Fiddles tell music history
This past Sunday evening, the "Daniel Stepner Baroque Project" closed a weekend of musical exploration, instruction and appreciation at Brandeis. As the final performance in a series of concerts during the Fiddle'Deis music festival, the "Baroque Project" provided a graceful conclusion to the weekend.
The "Baroque Project" was sponsored by the Brandeis Department of Music and featured several distinguished musicians: Prof. Daniel Stepner (MUS), Julie Leven and Danielle Maddon played baroque violins; Laura Jeppesen played the baroque viola and viola da gamba; Guy Fishman played the baroque cello; Anne Trout played the violone; and Charles Sherman played the harpsichord.

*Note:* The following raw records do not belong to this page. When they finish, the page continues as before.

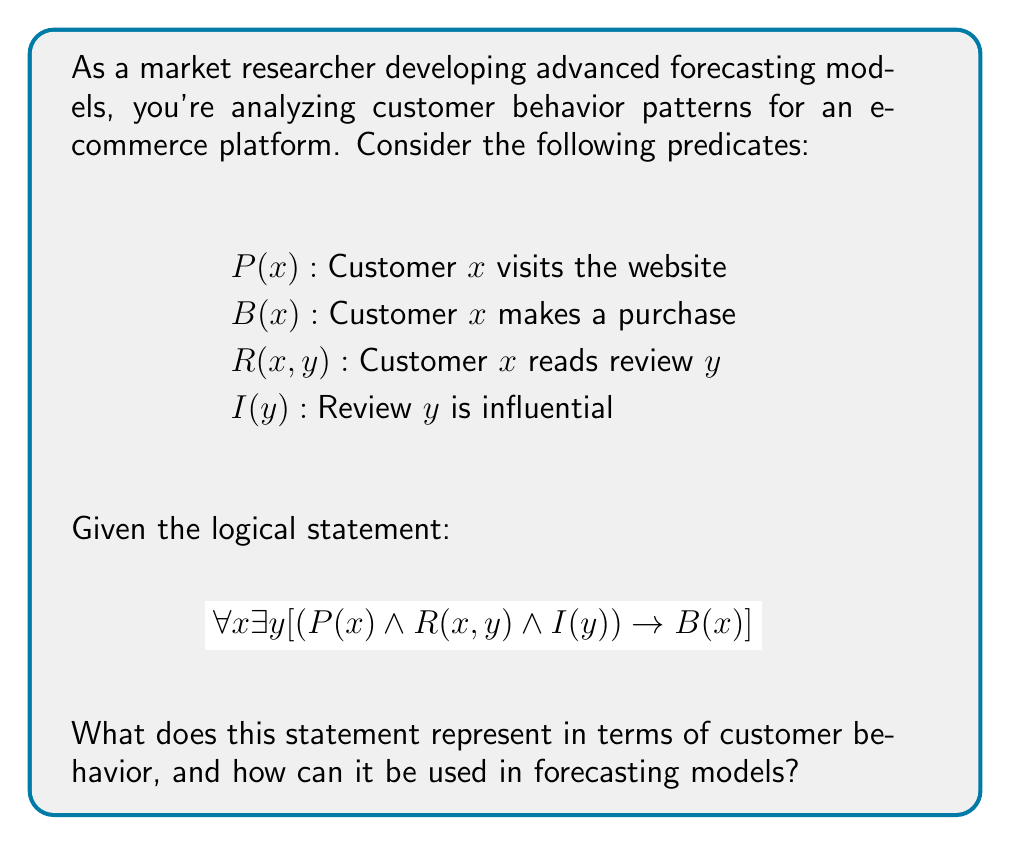Teach me how to tackle this problem. Let's break down this logical statement and interpret it in the context of customer behavior:

1. $\forall x$: For all customers $x$
2. $\exists y$: There exists a review $y$
3. $P(x)$: Customer $x$ visits the website
4. $R(x,y)$: Customer $x$ reads review $y$
5. $I(y)$: Review $y$ is influential
6. $B(x)$: Customer $x$ makes a purchase

The complete statement $$\forall x \exists y [(P(x) \wedge R(x,y) \wedge I(y)) \rightarrow B(x)]$$ can be interpreted as:

For all customers, there exists an influential review such that if the customer visits the website and reads that influential review, then the customer makes a purchase.

In terms of customer behavior, this statement represents a pattern where:
1. Website visits alone don't guarantee purchases
2. Reading reviews influences purchasing decisions
3. Not all reviews are equally impactful; only influential ones lead to purchases

For forecasting models, this logical statement can be used to:

1. Predict purchase likelihood based on website visits and review interactions
2. Identify and promote influential reviews to increase conversion rates
3. Segment customers based on their responsiveness to reviews
4. Develop targeted marketing strategies focusing on review-driven purchases

By incorporating this predicate logic into forecasting models, market researchers can create more accurate predictions of customer behavior, taking into account the impact of influential reviews on purchasing decisions.
Answer: The statement represents a customer behavior pattern where website visits combined with reading influential reviews lead to purchases, useful for predicting conversion rates and developing targeted marketing strategies in forecasting models. 
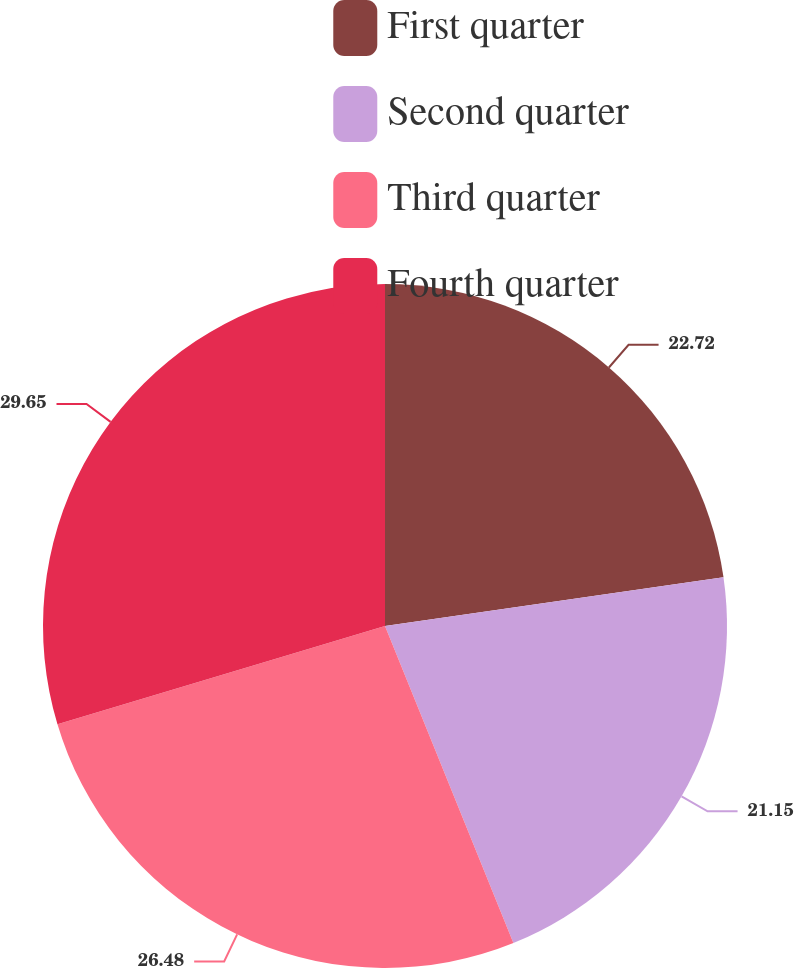<chart> <loc_0><loc_0><loc_500><loc_500><pie_chart><fcel>First quarter<fcel>Second quarter<fcel>Third quarter<fcel>Fourth quarter<nl><fcel>22.72%<fcel>21.15%<fcel>26.48%<fcel>29.64%<nl></chart> 
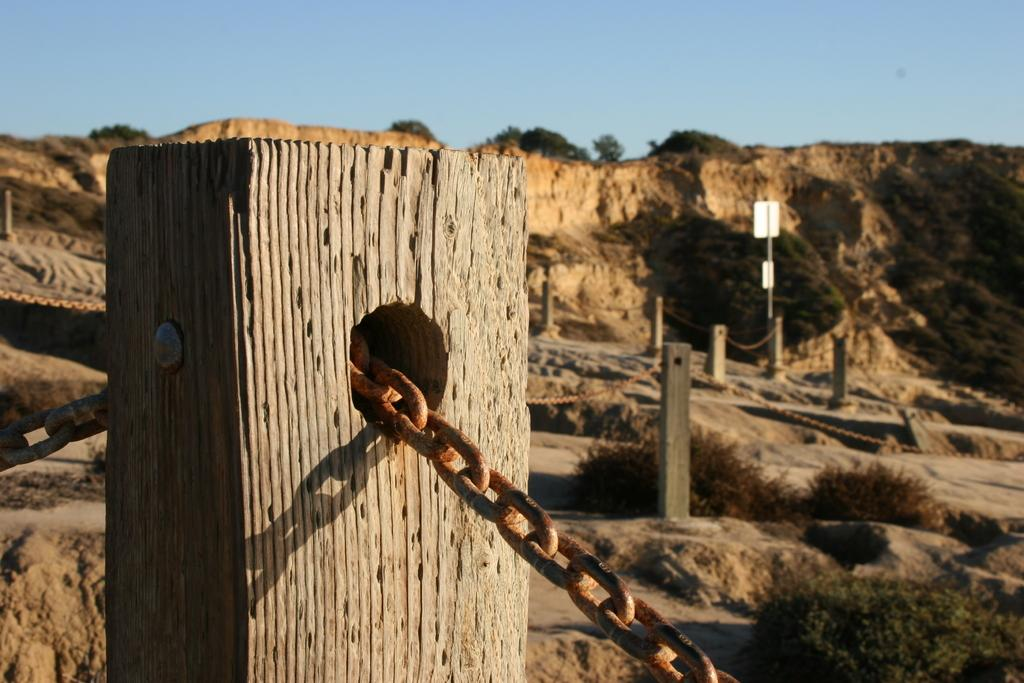What is located in the foreground of the image? In the foreground of the image, there is a fence, plants, a board, and trees. Can you describe the landscape in the foreground? The landscape in the foreground includes plants and trees. What is visible in the background of the image? In the background of the image, there are mountains and the sky. What time of day was the image taken? The image was taken during the day. What type of nut is being used to expand the fence in the image? There is no nut or expansion of the fence present in the image. What type of land can be seen in the image? The image does not specifically show any type of land; it features a fence, plants, a board, trees, mountains, and the sky. 
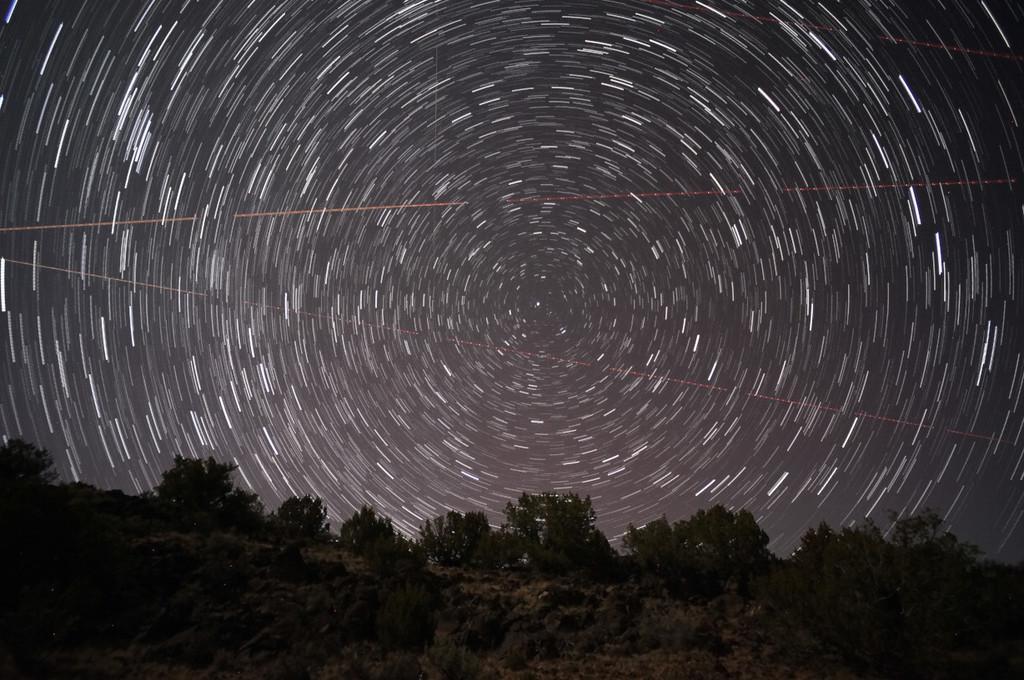How would you summarize this image in a sentence or two? In this image, we can see the sky. There is a hill at the bottom of the image contains some plants. 
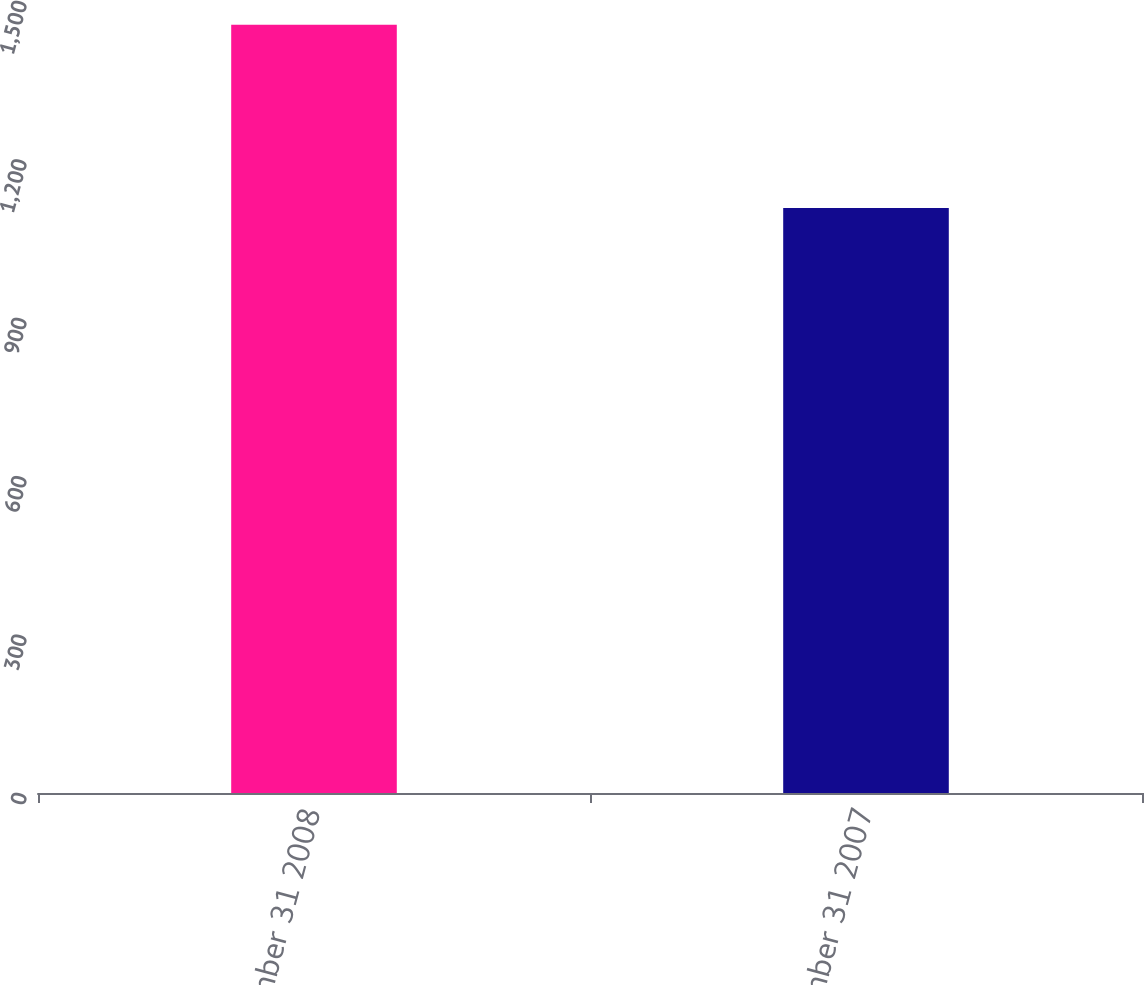Convert chart to OTSL. <chart><loc_0><loc_0><loc_500><loc_500><bar_chart><fcel>December 31 2008<fcel>December 31 2007<nl><fcel>1455<fcel>1108<nl></chart>

The Fiddle'Deis festival was organized into an itinerary of performances and workshops that allowed attendees to come away from the weekend having not only experienced a niche of musical culture but also having learned about the history behind the fiddle as an instrument. The concerts were organized in a specific order so that the greater collection of pieces that were performed fell into a chronological progression that lead audiences through the history of fiddle music. Starting the weekend with a performance called "Welcome Jam" that featured Scottish, Irish, Old-Time and Bluegrass traditional songs, the progression concluded at the "Baroque Project," at which the performed pieces were selected from the Baroque period.
The "Baroque Project" was performed in the warm, resonant atmosphere of the Slosberg Recital Hall. Even though it was not particularly heavily attended, the other events throughout the weekend had already drawn a great number of audience members. Just after 7 p.m., the group of musicians took the stage, positioned spaciously about the large performance area so that each musician in the group stood apart from the rest when they began playing. The group played a total of four pieces, showcasing Baroque pieces from several prominent composers of the period.
A lively rendition of "Three Parts upon a Ground," a work of English composer Henry Purcell, kicked off the concert, illustrating the exceptional range of emotional depth that the violin and its family of instruments are capable of conveying. Three violins were central to this piece, accompanied by a harpsichord and a violone, together creating a harmonically complex work. Until the theme of the song was established, the minor keys involved in variations on the theme were a bit dissonant at moments as the three violins harmonized, but the piece was overall both pleasant to listen to and a wonderful representation of the Baroque style. "Three Parts upon a Ground" transitioned from a shaky minor key harmony to a joyous, bombastic major key sound and finally ended in an emotionally contemplative minor and major key harmony that drew in the audience effortlessly.
The musicians moved on to perform three more Baroque period pieces before the end of the night. Italian composer and violinist Pietro Locatelli's Concerto grosso ("Il pianto d'Ariana"), Op. 7, No. 6 followed "Three Parts upon a Ground." The group then played German composer and musician Johann Sebastian Bach's "Concerto in D Major" and concluded the performance with a piece by modern American composer Leroy Anderson named "Fiddle-Faddle."
As Stepner said at the beginning of the performance, "There was song, there was dance and then there was fiddling." An elegant closing to a remarkable weekend of musical festivities, the "Baroque Project" both educated and entertained attendees and was an exceptional performance to see.